By LISA MONTI
Raising capital for a startup is different for each entrepreneur and venture, but starting out on the right legal footing is a sure way to help smooth the process.
Matthew McLaughlin, a shareholder and member of the Emerging Companies Team at Baker Donelson in Jackson, goes through a check list when he counsels clients on preparing to raise money. “Are your corporate documents in good shape? Have you addressed intellectual property matters? Do you have an employee handbook? All of these things that can create risk downstream, you better have taken care of on the front end, before you go sit down with a banker or investor,” he said.
The fewer the legal risks, the better bankers and investors like it. “They are not just going to lend you money or cut you a check without doing some degree of diligence on the business or the company,” McLaughlin said. “Investors and banks don’t want any lingering risks that they perceive would impact the ability of the business either to pay a loan back or provide an investor with the yield they’re looking for on their money.”
Beware, then, of do-it-yourself incorporations and other shortcuts that might raise red flags for lenders. “That is one surefire way to get off on the wrong step. When you’re raising money there’s an expectation from the bank or investor’s perception that your corporation has been formed in the proper manner and it addresses management issues or what happens if somebody does something they’re not supposed to do. A lot time these self help remedy products are less than adequate in addressing those type issues,” he said.

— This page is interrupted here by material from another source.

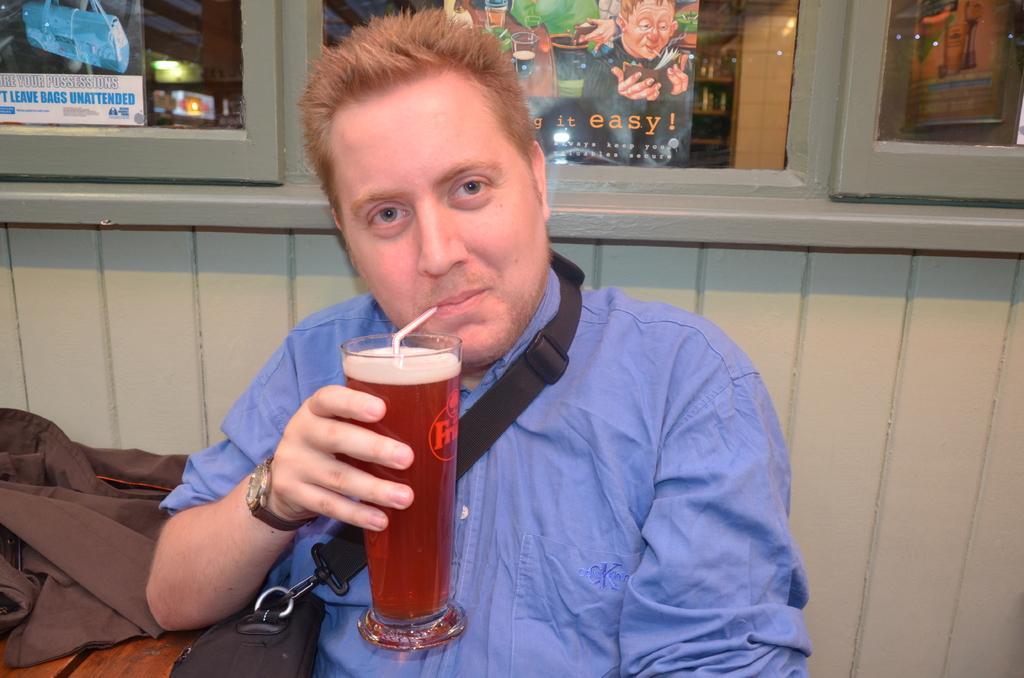Can you describe this image briefly? In this picture we can see a man is holding a glass with some liquid and in the glass there is a straw. On the left side of the man there is a cloth on a wooden object. Behind the man there is a wall with glass windows and on the windows there are posters.

Paying for legal advice might be something entrepreneurs aren’t willing to do, but McLaughlin said it’s worth it in the long run. “The perception is lawyers are expensive but my response is you can’t afford not to have us. I can tell you with a fairly high degree certainly if you have engaged a corporate lawyer to help organize your company in the proper way, you are going to have much higher degree of success raising money than not,” he said.
Borrowing from a bank for a startup is challenging anyway because there is no real property asset such as a building or equipment to offer as collateral.

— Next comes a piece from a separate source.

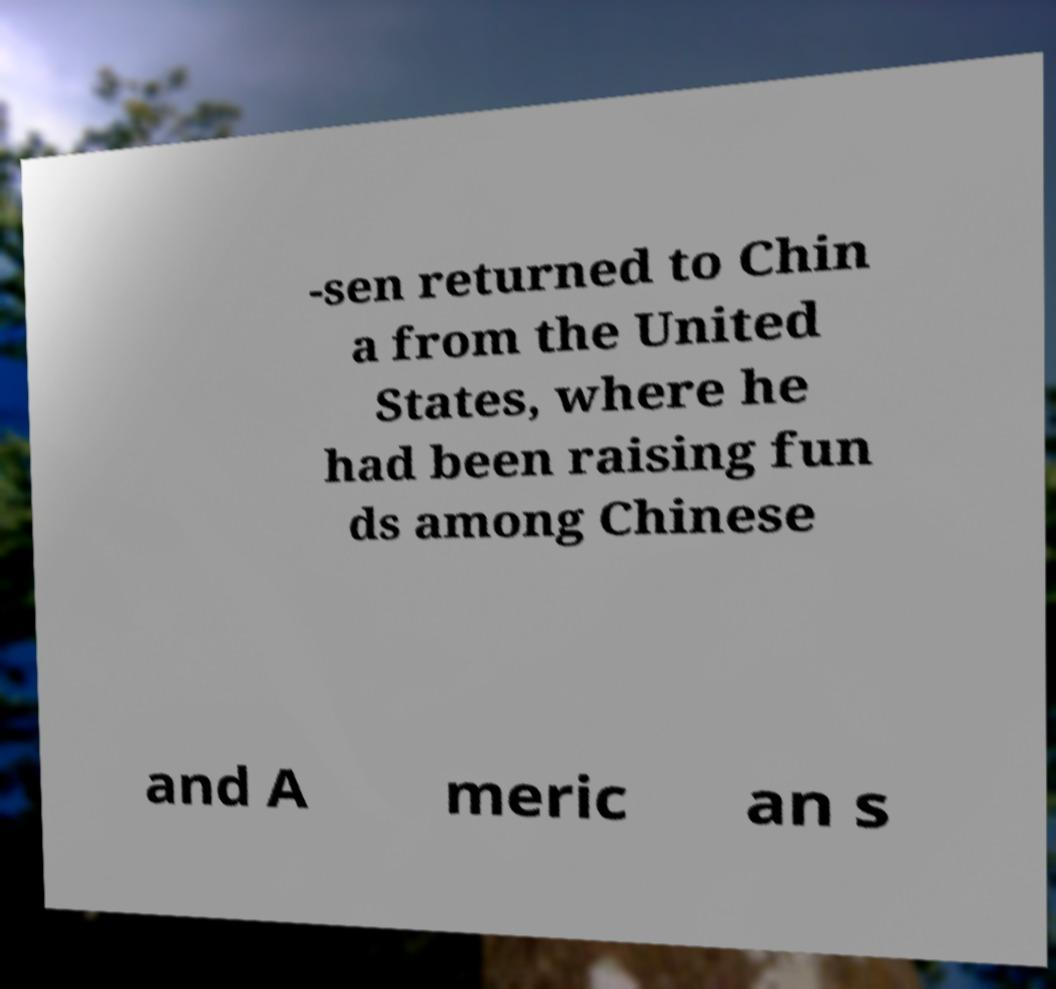Could you extract and type out the text from this image? -sen returned to Chin a from the United States, where he had been raising fun ds among Chinese and A meric an s

“Early on where there’s not a lot of assets, you’re probably looking at bringing in some sort of equity investor. That triggers a different set of analysis,” McLaughlin said. “What are you willing to give up? Are you willing to give this person any management rights? Are they going to be common equity or preferred equity? How are you going to value the company? If they are putting in half a million dollars what are they going to get? Ten percent or 25 percent?”
Finding a bank is easy but identifying investors isn’t always. McLaughlin said they’re out there in Mississippi and beyond, and lawyers can help entrepreneurs connect with them.

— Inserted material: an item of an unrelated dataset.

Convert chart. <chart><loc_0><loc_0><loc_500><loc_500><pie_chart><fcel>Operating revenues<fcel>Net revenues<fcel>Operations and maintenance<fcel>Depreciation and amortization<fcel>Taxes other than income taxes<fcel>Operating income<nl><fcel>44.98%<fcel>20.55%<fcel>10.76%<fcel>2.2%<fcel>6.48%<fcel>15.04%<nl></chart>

In general, McLaughlin advises entrepreneurs to put up their own money – cash, credit cards or loans – to get things going. “If you’re not willing to put your assets at risk, that says you really don’t believe in what you’re doing,” he said.
Secondly, he advises, enlist family and friends to help fund your venture.
“Most people can piece together enough money to seed their idea just from friends and family. It’s usually where people start for equity investment. As the business grows you may need more mature capital or more institutionalized investors. Maybe an angel, a high net worth individual, or maybe a venture capital type firm that has an appetite for your particular product or service. Ultimately you become bankable and can go get a bank loan,” he said.
The ultimate goal is to get to a closing where your business is getting funded.
“My belief is if you have got a good product or service and you’re organized about it and have addressed potential risks, then you identified issues about your business and have dealt with those, then you can absolutely raise money in this environment,” McLaughlin said.